Stored entries
=== Begin Enclosure ===

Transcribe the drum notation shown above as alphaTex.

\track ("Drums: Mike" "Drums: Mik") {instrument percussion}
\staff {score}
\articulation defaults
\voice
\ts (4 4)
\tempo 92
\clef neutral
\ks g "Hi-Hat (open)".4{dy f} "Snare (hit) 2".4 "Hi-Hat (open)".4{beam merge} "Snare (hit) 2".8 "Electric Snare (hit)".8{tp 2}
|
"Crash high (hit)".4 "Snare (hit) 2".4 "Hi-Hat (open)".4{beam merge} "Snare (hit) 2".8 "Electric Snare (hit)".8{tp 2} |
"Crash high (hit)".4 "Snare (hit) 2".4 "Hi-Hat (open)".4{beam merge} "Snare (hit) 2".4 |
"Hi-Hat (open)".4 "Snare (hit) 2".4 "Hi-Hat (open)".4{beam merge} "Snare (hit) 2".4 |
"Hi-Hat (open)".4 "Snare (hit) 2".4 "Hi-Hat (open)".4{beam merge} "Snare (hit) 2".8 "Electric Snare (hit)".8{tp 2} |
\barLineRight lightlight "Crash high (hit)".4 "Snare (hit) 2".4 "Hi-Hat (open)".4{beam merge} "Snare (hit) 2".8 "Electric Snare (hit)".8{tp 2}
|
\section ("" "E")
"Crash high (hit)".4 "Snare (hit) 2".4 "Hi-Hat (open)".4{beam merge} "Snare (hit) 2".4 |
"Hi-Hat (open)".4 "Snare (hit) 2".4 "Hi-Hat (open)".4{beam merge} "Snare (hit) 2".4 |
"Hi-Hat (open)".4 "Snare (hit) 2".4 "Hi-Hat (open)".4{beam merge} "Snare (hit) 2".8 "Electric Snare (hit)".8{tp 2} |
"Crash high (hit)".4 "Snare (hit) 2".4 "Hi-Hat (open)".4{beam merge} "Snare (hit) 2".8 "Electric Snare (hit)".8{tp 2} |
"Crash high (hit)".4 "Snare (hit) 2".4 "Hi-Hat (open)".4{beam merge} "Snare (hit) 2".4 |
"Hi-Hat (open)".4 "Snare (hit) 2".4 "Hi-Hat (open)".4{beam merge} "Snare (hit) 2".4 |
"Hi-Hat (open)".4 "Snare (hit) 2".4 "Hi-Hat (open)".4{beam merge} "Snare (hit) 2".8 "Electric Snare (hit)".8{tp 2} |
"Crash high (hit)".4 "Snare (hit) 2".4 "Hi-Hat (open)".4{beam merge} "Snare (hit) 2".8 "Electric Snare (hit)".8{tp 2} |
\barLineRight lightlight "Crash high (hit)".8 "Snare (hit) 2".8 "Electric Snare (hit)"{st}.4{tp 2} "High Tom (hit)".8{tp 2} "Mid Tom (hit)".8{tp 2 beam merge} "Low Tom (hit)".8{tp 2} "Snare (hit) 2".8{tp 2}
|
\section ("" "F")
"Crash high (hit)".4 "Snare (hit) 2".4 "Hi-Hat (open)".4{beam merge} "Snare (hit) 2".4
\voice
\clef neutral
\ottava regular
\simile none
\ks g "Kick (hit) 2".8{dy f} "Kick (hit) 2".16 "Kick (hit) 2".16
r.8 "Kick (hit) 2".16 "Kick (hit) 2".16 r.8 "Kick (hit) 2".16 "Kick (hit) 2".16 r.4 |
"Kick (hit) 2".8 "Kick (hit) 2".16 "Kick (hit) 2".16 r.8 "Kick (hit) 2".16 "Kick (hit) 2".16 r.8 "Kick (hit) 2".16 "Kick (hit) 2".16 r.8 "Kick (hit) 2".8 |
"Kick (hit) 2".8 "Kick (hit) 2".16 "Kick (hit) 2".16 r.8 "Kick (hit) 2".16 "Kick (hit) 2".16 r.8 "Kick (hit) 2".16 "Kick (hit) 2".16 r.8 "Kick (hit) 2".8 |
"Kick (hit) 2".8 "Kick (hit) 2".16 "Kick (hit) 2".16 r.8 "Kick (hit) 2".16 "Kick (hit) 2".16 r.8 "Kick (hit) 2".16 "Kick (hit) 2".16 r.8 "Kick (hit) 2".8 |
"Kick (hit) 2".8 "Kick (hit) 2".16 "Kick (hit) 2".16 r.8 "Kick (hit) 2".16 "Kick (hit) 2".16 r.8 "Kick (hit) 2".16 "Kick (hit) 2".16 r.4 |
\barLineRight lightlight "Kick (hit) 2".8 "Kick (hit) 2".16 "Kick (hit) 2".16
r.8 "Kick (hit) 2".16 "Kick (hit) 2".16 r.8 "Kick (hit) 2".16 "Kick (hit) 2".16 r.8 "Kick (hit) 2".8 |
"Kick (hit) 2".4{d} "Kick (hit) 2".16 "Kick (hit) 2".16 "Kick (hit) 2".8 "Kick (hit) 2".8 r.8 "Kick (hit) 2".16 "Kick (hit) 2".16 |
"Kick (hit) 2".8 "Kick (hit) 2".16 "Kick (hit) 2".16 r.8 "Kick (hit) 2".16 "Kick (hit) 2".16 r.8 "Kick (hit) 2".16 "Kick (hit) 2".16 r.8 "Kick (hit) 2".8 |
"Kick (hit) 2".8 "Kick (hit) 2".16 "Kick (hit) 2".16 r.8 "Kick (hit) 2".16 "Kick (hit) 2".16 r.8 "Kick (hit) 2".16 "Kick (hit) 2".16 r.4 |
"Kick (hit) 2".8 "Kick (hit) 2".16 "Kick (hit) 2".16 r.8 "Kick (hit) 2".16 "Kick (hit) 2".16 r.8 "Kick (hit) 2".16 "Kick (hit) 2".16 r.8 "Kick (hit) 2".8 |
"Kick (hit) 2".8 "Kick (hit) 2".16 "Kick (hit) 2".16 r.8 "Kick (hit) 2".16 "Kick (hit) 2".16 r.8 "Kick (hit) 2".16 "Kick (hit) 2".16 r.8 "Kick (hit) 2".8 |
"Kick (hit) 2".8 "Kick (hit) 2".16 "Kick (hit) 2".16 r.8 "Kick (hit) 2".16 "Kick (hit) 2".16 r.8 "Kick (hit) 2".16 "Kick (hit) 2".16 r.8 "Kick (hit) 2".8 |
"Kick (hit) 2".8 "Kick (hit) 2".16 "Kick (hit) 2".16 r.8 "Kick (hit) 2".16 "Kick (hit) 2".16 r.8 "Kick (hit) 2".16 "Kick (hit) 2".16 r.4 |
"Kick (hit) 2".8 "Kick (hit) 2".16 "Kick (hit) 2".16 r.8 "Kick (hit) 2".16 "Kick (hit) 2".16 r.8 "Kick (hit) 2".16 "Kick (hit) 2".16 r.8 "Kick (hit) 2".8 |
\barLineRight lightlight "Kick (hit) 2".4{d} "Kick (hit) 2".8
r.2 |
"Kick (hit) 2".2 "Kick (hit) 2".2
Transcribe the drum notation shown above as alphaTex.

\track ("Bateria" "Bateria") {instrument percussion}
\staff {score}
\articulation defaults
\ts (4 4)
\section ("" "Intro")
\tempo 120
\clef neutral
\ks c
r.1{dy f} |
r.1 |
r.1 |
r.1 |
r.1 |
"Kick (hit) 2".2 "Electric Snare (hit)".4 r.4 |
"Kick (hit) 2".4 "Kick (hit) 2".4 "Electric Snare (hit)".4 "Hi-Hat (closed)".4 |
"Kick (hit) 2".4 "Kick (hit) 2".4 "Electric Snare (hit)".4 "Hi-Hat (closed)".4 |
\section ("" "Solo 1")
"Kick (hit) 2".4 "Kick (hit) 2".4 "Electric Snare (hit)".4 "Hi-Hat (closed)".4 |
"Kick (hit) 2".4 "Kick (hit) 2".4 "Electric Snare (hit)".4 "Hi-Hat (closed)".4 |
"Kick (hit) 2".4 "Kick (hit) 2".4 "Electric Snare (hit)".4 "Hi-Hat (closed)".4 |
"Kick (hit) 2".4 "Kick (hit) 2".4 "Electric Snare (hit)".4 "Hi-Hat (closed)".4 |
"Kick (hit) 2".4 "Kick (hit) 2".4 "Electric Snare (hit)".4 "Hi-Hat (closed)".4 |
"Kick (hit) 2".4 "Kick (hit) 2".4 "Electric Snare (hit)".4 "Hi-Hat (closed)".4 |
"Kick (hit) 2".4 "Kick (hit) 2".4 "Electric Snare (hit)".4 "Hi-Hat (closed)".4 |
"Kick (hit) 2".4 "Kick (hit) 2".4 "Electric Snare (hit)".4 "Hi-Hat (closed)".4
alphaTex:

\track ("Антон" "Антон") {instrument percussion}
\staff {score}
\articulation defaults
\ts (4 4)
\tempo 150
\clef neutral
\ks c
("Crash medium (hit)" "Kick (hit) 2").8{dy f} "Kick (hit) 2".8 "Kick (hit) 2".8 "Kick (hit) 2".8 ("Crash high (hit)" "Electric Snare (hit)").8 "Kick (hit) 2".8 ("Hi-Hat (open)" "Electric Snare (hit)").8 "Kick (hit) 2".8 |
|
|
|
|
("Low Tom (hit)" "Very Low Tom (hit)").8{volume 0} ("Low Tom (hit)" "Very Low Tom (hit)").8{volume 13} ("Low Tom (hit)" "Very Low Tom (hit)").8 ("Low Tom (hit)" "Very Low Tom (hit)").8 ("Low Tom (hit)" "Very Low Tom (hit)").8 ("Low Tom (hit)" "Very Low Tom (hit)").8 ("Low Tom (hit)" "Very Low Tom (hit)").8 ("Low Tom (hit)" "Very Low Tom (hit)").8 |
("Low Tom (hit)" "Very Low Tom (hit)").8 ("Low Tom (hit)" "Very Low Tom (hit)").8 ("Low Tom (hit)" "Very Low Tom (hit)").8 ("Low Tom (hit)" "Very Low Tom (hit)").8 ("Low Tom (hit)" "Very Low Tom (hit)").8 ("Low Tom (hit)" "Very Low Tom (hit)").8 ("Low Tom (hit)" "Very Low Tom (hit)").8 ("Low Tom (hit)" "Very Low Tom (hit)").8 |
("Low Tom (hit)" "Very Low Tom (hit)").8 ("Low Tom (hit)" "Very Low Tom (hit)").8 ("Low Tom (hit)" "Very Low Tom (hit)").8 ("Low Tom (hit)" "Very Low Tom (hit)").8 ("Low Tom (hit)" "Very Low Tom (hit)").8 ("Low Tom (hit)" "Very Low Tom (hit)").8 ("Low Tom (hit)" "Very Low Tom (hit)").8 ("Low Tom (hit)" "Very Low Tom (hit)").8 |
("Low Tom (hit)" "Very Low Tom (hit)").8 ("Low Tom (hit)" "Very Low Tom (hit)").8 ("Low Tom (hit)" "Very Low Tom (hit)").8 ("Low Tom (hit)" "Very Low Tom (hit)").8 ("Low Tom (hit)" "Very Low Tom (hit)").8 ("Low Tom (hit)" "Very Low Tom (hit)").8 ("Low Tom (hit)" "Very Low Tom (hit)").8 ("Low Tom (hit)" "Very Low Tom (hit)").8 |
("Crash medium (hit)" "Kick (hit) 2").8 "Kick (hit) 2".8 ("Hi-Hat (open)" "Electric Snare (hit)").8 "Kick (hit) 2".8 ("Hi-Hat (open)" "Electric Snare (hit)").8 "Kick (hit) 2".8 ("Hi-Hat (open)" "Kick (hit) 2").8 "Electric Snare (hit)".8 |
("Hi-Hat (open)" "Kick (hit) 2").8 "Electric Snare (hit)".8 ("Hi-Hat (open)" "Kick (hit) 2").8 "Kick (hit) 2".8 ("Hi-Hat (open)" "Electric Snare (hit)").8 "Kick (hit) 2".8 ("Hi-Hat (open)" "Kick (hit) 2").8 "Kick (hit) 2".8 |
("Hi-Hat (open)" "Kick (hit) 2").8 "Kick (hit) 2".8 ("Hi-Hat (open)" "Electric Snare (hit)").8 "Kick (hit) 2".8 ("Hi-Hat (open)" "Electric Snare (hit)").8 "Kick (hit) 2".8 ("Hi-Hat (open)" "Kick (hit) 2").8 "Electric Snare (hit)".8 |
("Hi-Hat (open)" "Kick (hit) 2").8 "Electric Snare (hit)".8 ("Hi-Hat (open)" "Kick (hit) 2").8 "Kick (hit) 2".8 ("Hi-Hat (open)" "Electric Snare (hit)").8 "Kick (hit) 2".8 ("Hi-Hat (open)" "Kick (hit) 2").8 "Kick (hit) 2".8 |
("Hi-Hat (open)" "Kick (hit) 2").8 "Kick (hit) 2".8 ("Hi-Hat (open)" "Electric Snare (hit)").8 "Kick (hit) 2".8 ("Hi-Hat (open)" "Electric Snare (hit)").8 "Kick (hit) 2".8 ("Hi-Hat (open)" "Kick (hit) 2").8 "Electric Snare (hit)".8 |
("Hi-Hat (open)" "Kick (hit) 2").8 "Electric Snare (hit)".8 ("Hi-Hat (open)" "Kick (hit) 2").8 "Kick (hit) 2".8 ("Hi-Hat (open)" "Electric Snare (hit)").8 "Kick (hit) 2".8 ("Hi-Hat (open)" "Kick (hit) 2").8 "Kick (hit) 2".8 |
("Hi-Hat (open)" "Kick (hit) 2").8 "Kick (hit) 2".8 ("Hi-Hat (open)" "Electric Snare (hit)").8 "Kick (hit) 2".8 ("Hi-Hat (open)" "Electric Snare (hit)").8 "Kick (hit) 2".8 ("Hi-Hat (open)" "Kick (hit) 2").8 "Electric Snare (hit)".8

=== End Enclosure ===

• TASK OBJECTIVE
Pick out every line above that holds the word "lightlight" and copy it.

• ANSWER BOX
\barLineRight lightlight "Crash high (hit)".4 "Snare (hit) 2".4 "Hi-Hat (open)".4{beam merge} "Snare (hit) 2".8 "Electric Snare (hit)".8{tp 2}
\barLineRight lightlight "Crash high (hit)".8 "Snare (hit) 2".8 "Electric Snare (hit)"{st}.4{tp 2} "High Tom (hit)".8{tp 2} "Mid Tom (hit)".8{tp 2 beam merge} "Low Tom (hit)".8{tp 2} "Snare (hit) 2".8{tp 2}
\barLineRight lightlight "Kick (hit) 2".8 "Kick (hit) 2".16 "Kick (hit) 2".16
\barLineRight lightlight "Kick (hit) 2".4{d} "Kick (hit) 2".8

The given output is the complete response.